- Conference: Big Ten Conference
- Record: 3–8 (1–7 Big Ten)
- Head coach: Bill Mallory (13th season);
- MVP: Alex Smith
- Captains: Jamie Baisley; Matt Surface;
- Home stadium: Memorial Stadium

= 1996 Indiana Hoosiers football team =

American college football season

The 1996 Indiana Hoosiers football team represented Indiana University Bloomington as a member of the Big Ten Conference during the 1996 NCAA Division I-A football season.

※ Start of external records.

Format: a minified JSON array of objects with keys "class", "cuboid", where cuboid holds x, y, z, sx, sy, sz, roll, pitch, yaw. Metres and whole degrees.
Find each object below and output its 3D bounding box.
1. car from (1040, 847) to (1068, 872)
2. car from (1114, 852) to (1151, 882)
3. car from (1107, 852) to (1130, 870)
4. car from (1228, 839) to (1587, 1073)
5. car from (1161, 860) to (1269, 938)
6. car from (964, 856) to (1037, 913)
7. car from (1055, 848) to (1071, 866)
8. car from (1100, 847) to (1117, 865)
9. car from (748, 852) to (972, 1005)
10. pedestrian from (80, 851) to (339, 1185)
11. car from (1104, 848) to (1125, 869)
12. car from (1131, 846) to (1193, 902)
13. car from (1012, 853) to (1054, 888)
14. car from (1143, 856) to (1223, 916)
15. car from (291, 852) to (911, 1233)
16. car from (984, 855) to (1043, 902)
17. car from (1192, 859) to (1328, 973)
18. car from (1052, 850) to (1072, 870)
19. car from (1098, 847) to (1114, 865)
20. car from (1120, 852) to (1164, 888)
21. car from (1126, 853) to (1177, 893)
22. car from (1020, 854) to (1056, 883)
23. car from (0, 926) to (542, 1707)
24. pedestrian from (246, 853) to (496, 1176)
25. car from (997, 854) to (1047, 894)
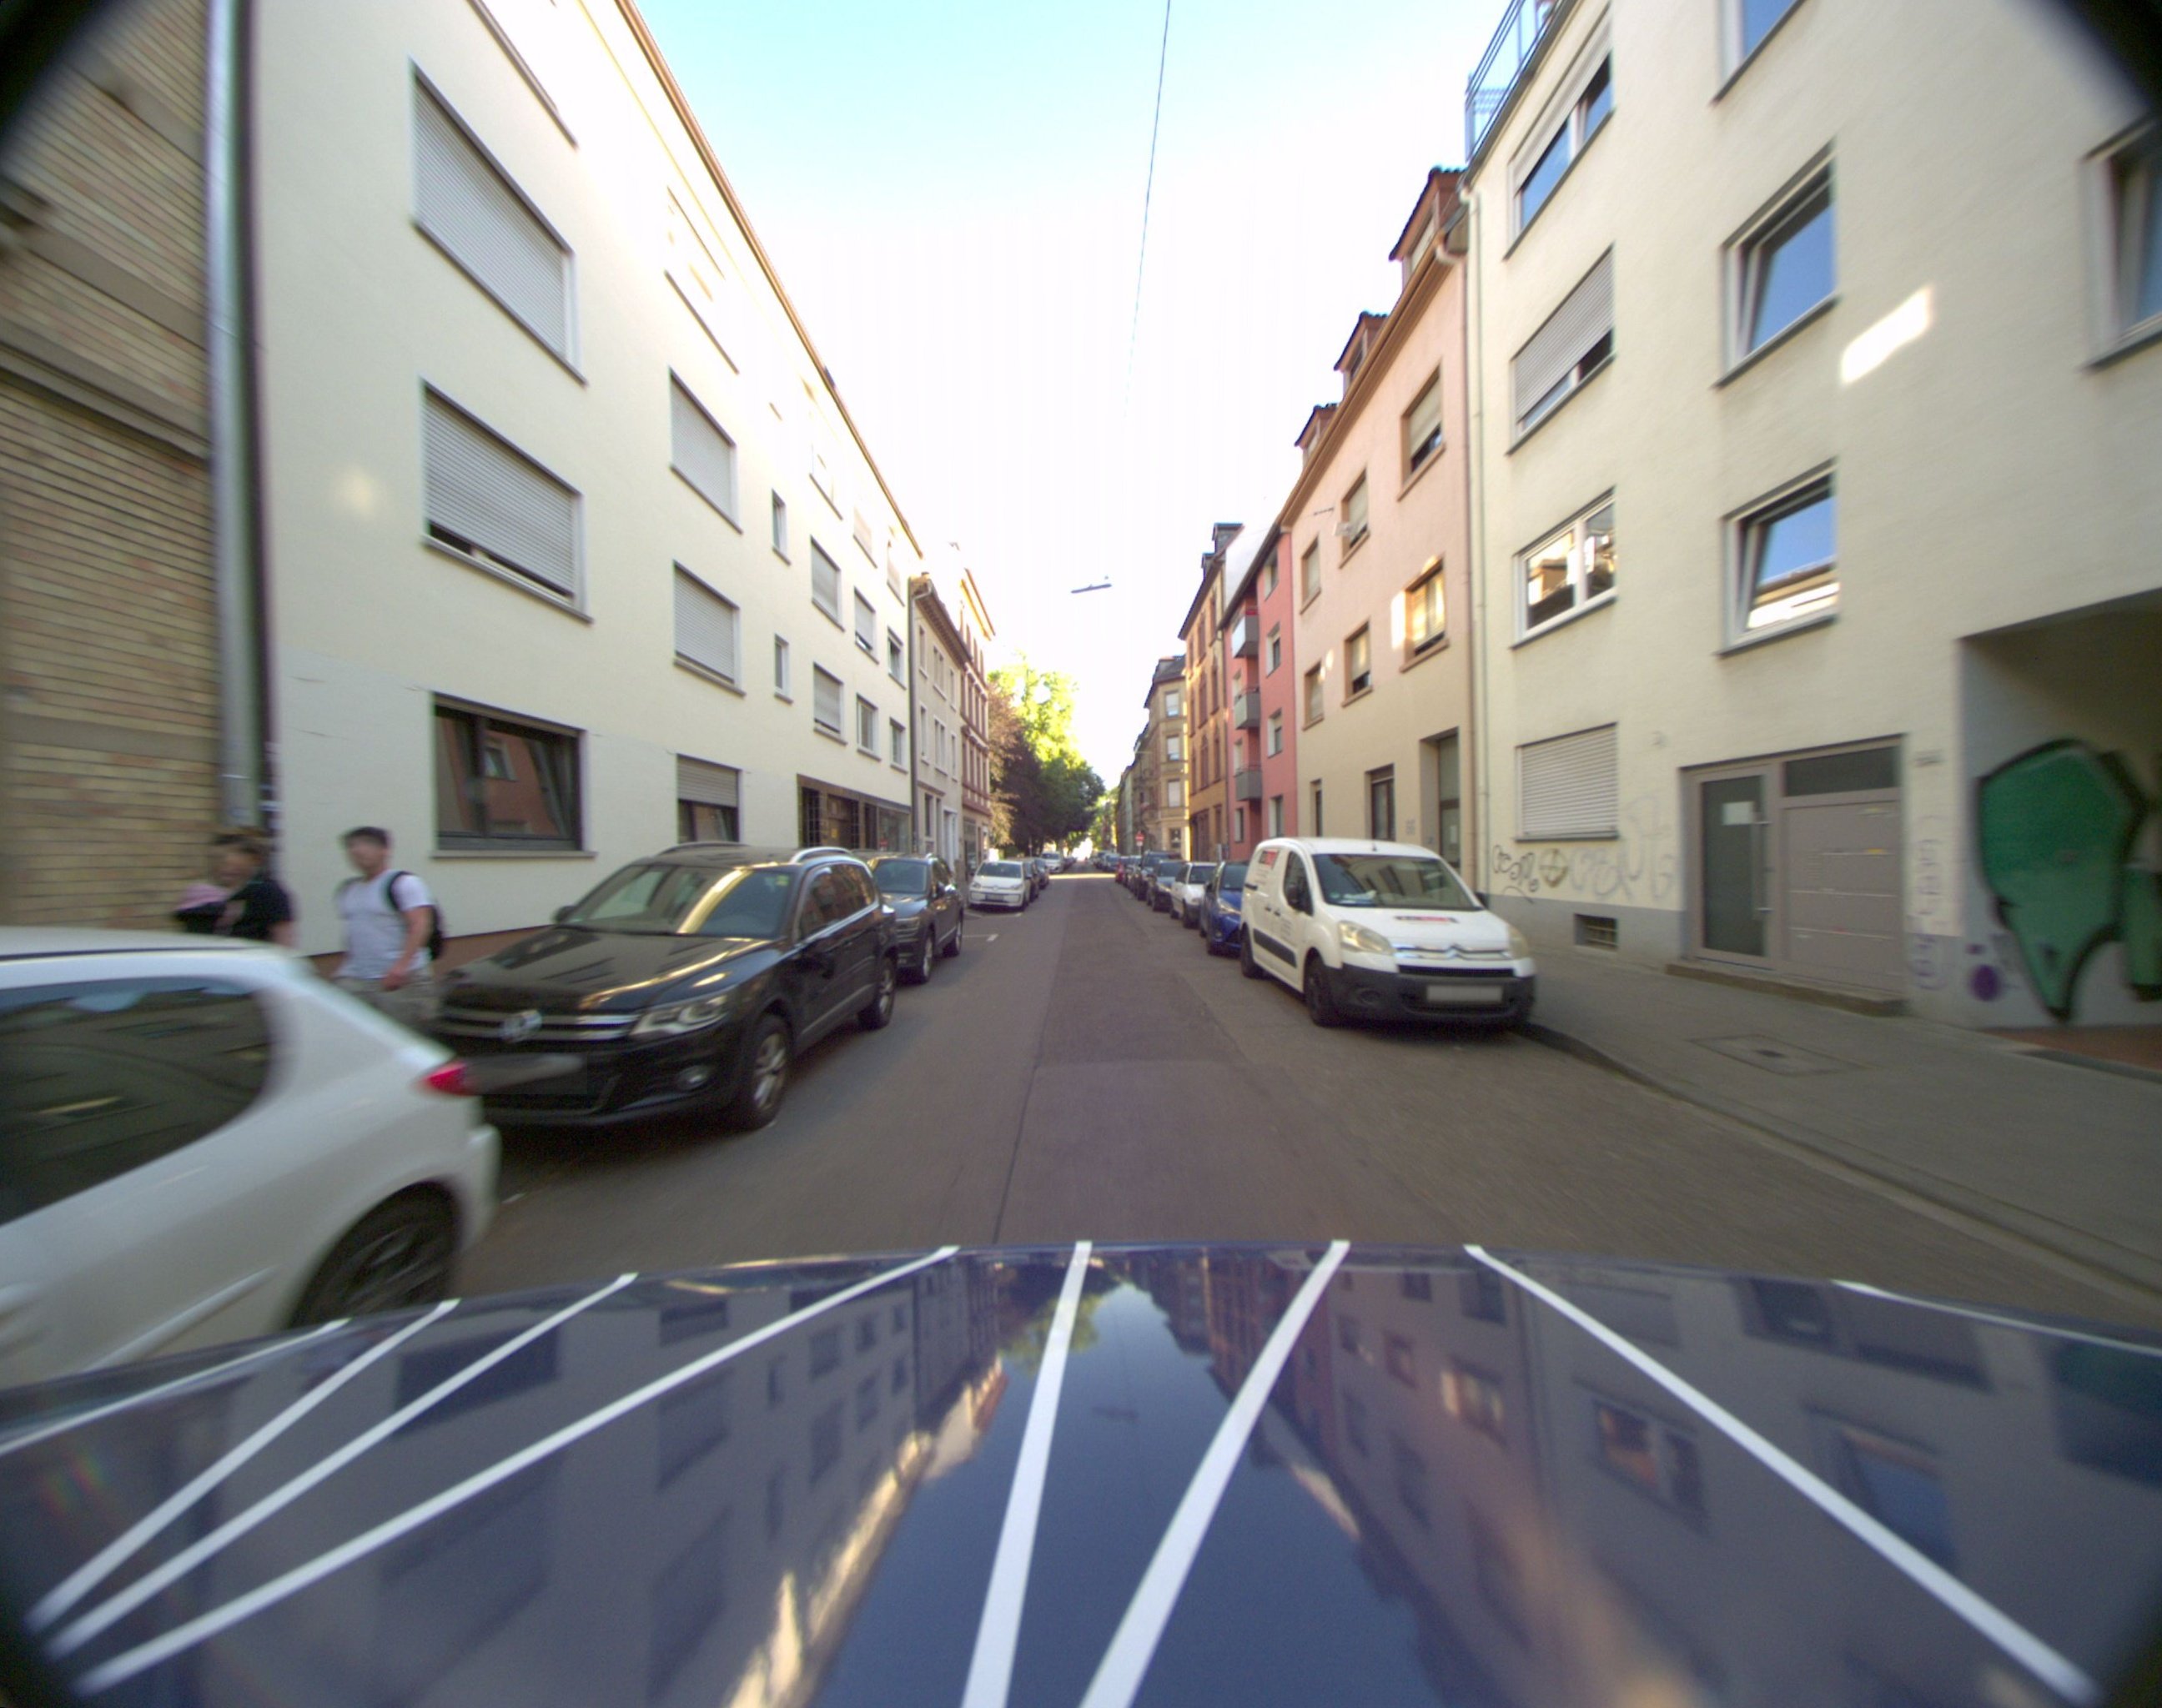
[{"class":"car","cuboid":[-2.267,0.431,64.889,1.866,1.970,4.481,2,1,4]},{"class":"car","cuboid":[2.855,0.700,42.565,1.768,1.524,4.102,2,1,0]},{"class":"car","cuboid":[3.199,0.567,66.095,1.768,1.463,3.932,2,1,0]},{"class":"car","cuboid":[2.890,0.756,7.907,1.754,1.731,4.314,2,1,-1]},{"class":"car","cuboid":[2.904,0.918,17.319,1.675,1.450,4.084,2,1,0]},{"class":"car","cuboid":[-2.406,0.880,23.577,1.768,1.508,4.102,2,1,0]},{"class":"car","cuboid":[-2.118,0.296,90.144,1.768,2.006,4.263,2,1,0]},{"class":"car","cuboid":[3.079,0.205,85.541,1.768,1.915,4.263,2,1,0]},{"class":"car","cuboid":[-2.824,0.845,10.805,1.886,1.657,4.327,2,1,0]},{"class":"pedestrian","cuboid":[-4.822,0.845,4.254,0.599,1.699,0.706,2,1,0]},{"class":"car","cuboid":[3.108,0.400,71.472,1.768,1.846,3.992,2,1,0]},{"class":"car","cuboid":[2.822,0.638,27.349,1.768,1.814,4.102,2,1,0]},{"class":"car","cuboid":[-2.295,0.759,37.580,1.768,1.524,4.102,2,1,0]},{"class":"car","cuboid":[2.841,0.852,22.001,1.768,1.464,3.815,2,1,0]},{"class":"car","cuboid":[-2.695,0.861,5.641,1.770,1.657,4.328,2,1,1]},{"class":"car","cuboid":[-2.407,0.851,27.965,1.768,1.524,4.102,1,1,0]},{"class":"car","cuboid":[2.848,0.891,12.891,1.674,1.519,4.086,2,1,6]},{"class":"car","cuboid":[-1.753,0.520,71.489,1.768,1.846,4.285,-1,1,0]},{"class":"car","cuboid":[2.999,0.182,92.245,1.768,2.075,4.263,2,1,0]},{"class":"car","cuboid":[2.895,0.729,36.774,1.768,1.524,4.102,2,1,0]},{"class":"car","cuboid":[2.922,0.750,32.305,1.768,1.524,4.102,1,1,0]},{"class":"car","cuboid":[-2.376,0.781,43.026,1.768,1.524,4.102,2,1,0]},{"class":"car","cuboid":[-2.796,1.033,0.863,1.598,1.442,4.002,2,1,-2]},{"class":"pedestrian","cuboid":[-4.084,0.860,4.436,0.712,1.699,0.752,2,1,0]},{"class":"car","cuboid":[-2.455,0.791,32.430,1.768,1.524,4.102,1,1,0]}]

Led by Bill Mallory in his 13th and final season as head coach, the Hoosiers compiled an overall record of 3–8 with a mark of 1–7 in conference play, placing in a three-way tie for ninth in the Big Ten. The team played home games at Memorial Stadium in Bloomington, Indiana.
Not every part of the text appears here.